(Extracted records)

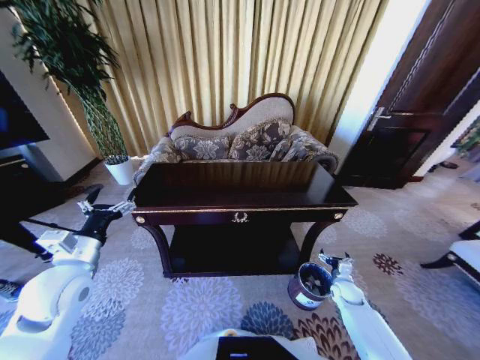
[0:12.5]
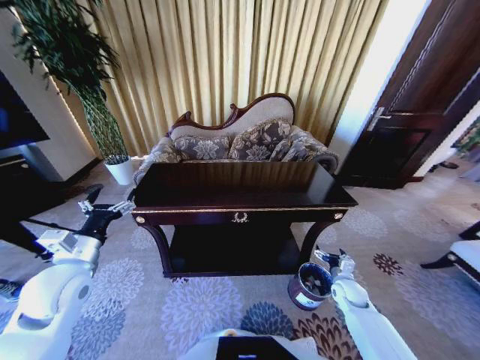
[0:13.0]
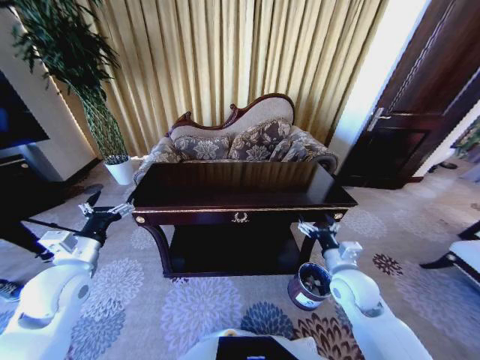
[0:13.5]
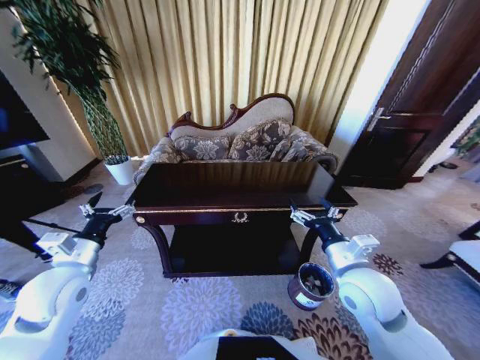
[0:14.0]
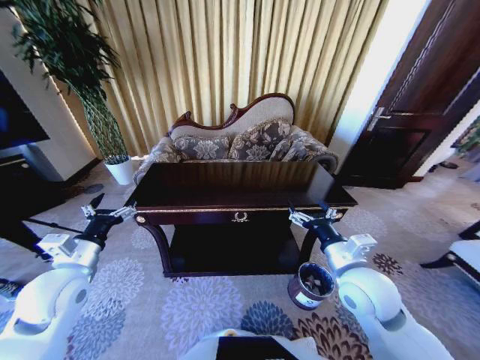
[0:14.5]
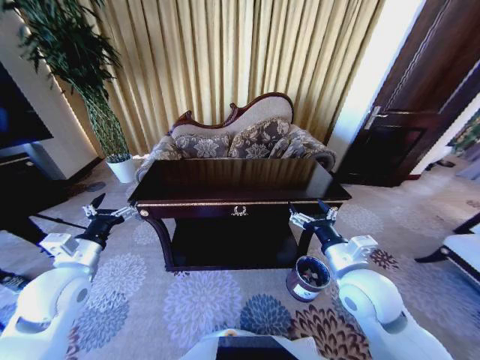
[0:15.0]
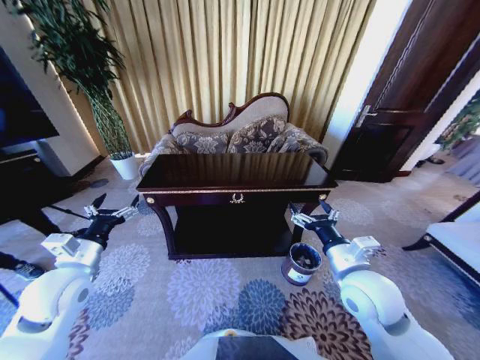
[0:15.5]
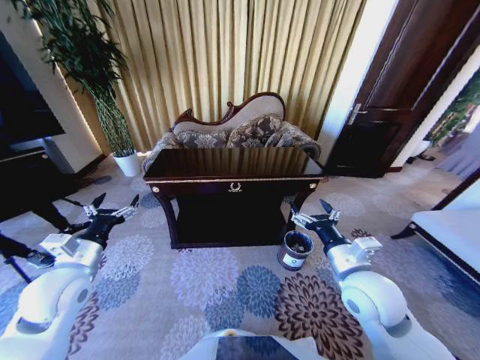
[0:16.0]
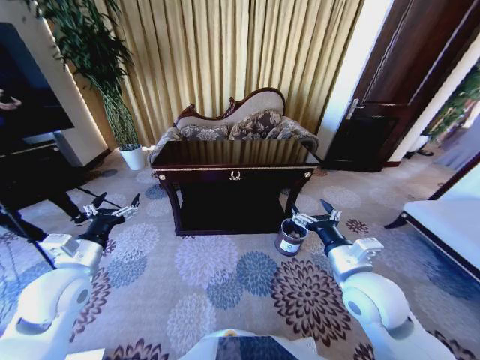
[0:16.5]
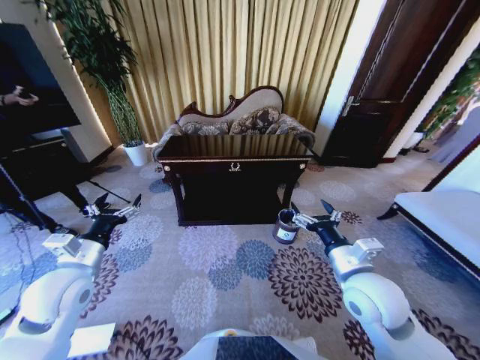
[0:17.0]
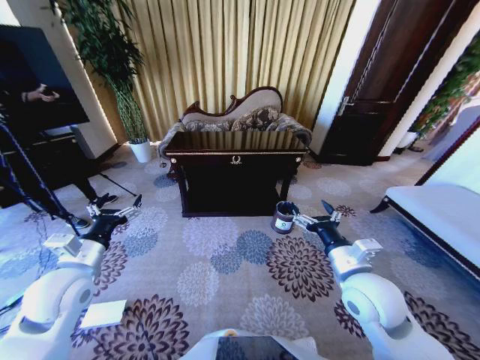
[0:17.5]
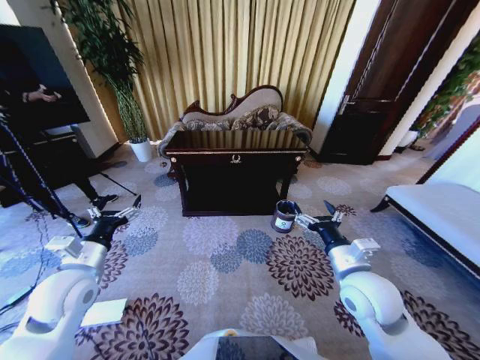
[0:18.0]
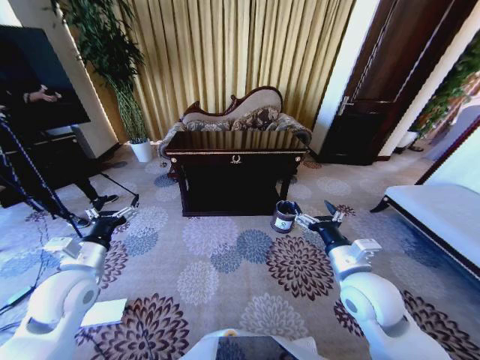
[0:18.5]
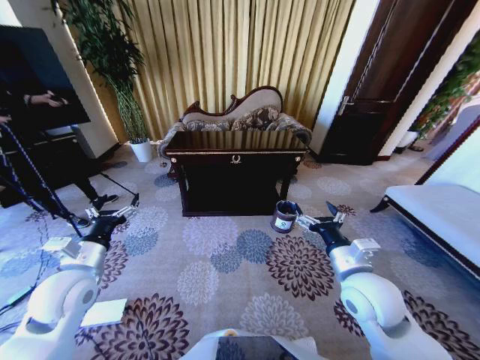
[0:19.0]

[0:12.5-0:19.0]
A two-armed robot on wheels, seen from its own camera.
Task of the whole recording: Move to the front of the table and place the trash on the table into the trash bin.
0:12.5 to 0:14.5: The right gripper shifts about 35 cm upward and to the left.

PROBLEM TO SOLVE :: Your answer should reproduce every line of the data verbatim and include no images.

WORKED SOLUTION ::
[0:12.5]
[0:13.0]
[0:13.5]
[0:14.0]
[0:14.5]
[0:15.0]
[0:15.5]
[0:16.0]
[0:16.5]
[0:17.0]
[0:17.5]
[0:18.0]
[0:18.5]
[0:19.0]

[0:12.5-0:19.0]
A two-armed robot on wheels, seen from its own camera.
Task of the whole recording: Move to the front of the table and place the trash on the table into the trash bin.
0:12.5 to 0:14.5: The right gripper shifts about 35 cm upward and to the left.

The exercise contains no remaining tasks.